Accurate prediction of wheat storage quality is essential for ensuring storage safety and providing early warnings of quality deterioration. However, existing methods focus solely on storage environmental conditions, neglecting the spatial distribution of temperature within grain piles, lacking interpretability, and generally failing to provide reliable forecasts of future quality changes. To overcome these challenges, an interpretable prediction framework for wheat storage quality based on stacked ensemble learning is proposed. Three key features, Effective Accumulated Temperature (EAT), Cumulative High Temperature Deviation (CHTD), and Cumulative Temperature Gradient (CTG), were derived from grain temperature data to capture the spatiotemporal dynamics of the internal temperature field. These features were then input into the stacked ensemble learning model to accurately predict historical quality changes. In addition, future grain temperatures were predicted with high precision using a Graph Convolutional Network-Temporal Fusion Transformer (GCN-TFT) model. The temperature prediction results were then employed to construct features and were fed into the stacked ensemble learning model to enable future quality change prediction. Baseline experiments indicated that the stacked model significantly outperformed individual models, achieving R 2 = 0.94, MAE = 0.44 mg KOH/100 g, and RMSE = 0.59 mg KOH/100 g.
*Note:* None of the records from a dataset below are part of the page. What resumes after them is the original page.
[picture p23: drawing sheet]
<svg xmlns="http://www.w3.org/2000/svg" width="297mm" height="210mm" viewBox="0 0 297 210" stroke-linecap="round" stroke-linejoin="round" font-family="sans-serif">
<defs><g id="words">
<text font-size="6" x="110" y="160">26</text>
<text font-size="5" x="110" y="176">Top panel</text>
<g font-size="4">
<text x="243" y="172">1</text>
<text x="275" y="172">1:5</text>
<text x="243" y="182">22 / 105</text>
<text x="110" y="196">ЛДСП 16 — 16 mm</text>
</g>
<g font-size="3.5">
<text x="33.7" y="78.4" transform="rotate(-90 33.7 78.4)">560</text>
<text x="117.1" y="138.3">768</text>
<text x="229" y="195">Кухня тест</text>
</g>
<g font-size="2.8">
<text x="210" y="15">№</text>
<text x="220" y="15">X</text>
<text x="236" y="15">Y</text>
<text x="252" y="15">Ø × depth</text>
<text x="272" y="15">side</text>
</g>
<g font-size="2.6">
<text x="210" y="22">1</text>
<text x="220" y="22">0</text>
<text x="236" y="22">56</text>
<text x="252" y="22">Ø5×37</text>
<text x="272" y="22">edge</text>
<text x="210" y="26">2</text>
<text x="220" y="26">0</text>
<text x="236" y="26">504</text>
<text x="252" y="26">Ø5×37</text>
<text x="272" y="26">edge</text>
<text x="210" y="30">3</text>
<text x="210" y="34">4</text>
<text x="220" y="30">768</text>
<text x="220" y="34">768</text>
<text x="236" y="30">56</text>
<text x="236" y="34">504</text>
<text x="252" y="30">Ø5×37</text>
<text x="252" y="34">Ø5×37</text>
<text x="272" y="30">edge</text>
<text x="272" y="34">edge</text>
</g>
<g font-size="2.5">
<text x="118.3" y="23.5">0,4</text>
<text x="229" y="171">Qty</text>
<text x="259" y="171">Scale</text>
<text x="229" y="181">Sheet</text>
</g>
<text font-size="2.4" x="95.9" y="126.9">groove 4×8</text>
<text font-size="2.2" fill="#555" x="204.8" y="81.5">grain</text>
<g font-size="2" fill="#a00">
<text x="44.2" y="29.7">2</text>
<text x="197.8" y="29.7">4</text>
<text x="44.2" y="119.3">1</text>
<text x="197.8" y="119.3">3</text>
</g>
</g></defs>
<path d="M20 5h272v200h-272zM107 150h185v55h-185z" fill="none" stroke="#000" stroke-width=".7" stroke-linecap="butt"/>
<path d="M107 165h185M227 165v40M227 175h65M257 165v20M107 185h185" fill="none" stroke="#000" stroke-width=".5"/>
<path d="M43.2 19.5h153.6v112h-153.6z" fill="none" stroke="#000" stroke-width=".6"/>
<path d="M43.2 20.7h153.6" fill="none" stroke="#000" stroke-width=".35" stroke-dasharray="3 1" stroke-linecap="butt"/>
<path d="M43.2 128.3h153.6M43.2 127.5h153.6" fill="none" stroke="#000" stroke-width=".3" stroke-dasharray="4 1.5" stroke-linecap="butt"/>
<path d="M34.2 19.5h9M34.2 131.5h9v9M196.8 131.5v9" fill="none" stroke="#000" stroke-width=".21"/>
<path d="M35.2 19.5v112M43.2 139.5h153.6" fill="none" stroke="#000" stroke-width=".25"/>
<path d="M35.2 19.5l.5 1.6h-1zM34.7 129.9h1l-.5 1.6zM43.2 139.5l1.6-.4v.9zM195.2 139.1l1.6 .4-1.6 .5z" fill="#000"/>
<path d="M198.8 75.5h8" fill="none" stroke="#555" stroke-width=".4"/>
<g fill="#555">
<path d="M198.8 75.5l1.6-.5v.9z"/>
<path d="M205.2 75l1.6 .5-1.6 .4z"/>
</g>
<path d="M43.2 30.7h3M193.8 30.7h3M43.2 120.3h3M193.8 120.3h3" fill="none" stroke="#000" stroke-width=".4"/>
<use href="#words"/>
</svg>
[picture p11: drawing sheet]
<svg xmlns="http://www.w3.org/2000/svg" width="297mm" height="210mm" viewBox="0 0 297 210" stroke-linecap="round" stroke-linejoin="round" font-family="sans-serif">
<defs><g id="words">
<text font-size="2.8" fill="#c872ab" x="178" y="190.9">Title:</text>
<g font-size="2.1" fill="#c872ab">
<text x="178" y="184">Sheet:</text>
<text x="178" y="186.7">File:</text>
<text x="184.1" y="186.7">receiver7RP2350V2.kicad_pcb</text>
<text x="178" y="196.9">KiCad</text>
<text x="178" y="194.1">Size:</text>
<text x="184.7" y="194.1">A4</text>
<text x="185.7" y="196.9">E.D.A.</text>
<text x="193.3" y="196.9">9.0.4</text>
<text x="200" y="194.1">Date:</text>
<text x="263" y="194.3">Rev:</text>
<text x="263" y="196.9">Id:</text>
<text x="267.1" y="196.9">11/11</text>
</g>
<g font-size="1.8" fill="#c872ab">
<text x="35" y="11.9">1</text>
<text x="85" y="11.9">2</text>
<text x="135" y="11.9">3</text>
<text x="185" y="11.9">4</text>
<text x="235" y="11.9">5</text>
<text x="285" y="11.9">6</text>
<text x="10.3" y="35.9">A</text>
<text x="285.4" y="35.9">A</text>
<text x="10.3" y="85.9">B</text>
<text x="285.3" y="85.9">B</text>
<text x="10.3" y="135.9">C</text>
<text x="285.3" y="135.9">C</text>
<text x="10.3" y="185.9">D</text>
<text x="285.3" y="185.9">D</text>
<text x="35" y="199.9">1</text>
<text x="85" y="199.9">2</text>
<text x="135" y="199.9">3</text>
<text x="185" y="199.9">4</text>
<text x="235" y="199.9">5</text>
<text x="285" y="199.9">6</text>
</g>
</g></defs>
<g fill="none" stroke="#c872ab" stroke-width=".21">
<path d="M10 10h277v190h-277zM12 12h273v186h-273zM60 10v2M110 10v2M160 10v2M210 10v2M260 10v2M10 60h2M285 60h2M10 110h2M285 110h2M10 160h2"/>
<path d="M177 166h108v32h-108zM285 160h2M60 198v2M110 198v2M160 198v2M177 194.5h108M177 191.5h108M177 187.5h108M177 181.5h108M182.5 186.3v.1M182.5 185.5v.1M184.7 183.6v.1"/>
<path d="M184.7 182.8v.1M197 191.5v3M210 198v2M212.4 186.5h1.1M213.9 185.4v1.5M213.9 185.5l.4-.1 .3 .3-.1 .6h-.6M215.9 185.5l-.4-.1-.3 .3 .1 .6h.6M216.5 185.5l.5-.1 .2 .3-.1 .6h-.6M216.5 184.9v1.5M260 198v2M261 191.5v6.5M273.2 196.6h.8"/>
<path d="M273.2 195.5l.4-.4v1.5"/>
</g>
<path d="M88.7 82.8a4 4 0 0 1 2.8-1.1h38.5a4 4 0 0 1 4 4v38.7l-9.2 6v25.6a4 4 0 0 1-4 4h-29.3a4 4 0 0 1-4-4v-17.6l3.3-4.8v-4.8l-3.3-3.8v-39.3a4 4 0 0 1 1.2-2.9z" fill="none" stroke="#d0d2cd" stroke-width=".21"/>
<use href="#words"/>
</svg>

SHAP interpretability analysis revealed that EAT constituted the primary driver of wheat quality deterioration, followed by CHTD and CTG. Moreover, in future quality prediction experiments, the GCN-TFT model demonstrated high accuracy in 60-day grain temperature forecasts, and although the prediction accuracy of fatty acid value changes based on features derived from predicted temperatures slightly declined compared to features based on actual temperature data, it remained within an acceptable precision range, achieving an MAE of 0.28 mg KOH/100 g and an RMSE of 0.33 mg KOH/100 g. The experiments validated that the overall technical route from grain temperature prediction to quality prediction exhibited good accuracy and feasibility, providing an efficient, stable, and interpretable quality monitoring and early warning tool for grain storage management, which assists managers in making scientific decisions and interventions to ensure storage safety.

Suggested Citation

  • Xinze Li & Wenyue Wang & Bing Pan & Siyu Zhu & Junhui Zhang & Yunzhao Ma & Hongpeng Guo & Zhe Liu & Wenfu Wu & Yan Xu, 2025. "An Interpretable Stacked Ensemble Learning Framework for Wheat Storage Quality Prediction," Agriculture, MDPI, vol. 15(17), pages 1-21, August.
  • Handle: RePEc:gam:jagris:v:15:y:2025:i:17:p:1844-:d:1737671
    as

    Download full text from publisher

    File URL: https://www.mdpi.com/2077-0472/15/17/1844/pdf
    Download Restriction: no

    File URL: https://www.mdpi.com/2077-0472/15/17/1844/
    Download Restriction: no
    ---><---

    References listed on IDEAS

    as
    1. Alam, Md Fahim Bin & Tushar, Saifur Rahman & Ahmed, Tazim & Karmaker, Chitra Lekha & Bari, A.B.M. Mainul & de Jesus Pacheco, Diego Augusto & Nayyar, Anand & Islam, Abu Reza Md Towfiqul, 2024. "Analysis of the enablers to deal with the ripple effect in food grain supply chains under disruption: Implications for food security and sustainability," International Journal of Production Economics, Elsevier, vol. 270(C).
    2. Biswas, M.A. Rafe & Robinson, Melvin D. & Fumo, Nelson, 2016. "Prediction of residential building energy consumption: A neural network approach," Energy, Elsevier, vol. 117(P1), pages 84-92.
    Full references (including those not matched with items on IDEAS)

    Most related items

    These are the items that most often cite the same works as this one and are cited by the same works as this one.
    1. Ting Jin & Rui Xu & Kunqi Su & Jinrui Gao, 2025. "A Dendritic Neural Network-Based Model for Residential Electricity Consumption Prediction," Mathematics, MDPI, vol. 13(4), pages 1-23, February.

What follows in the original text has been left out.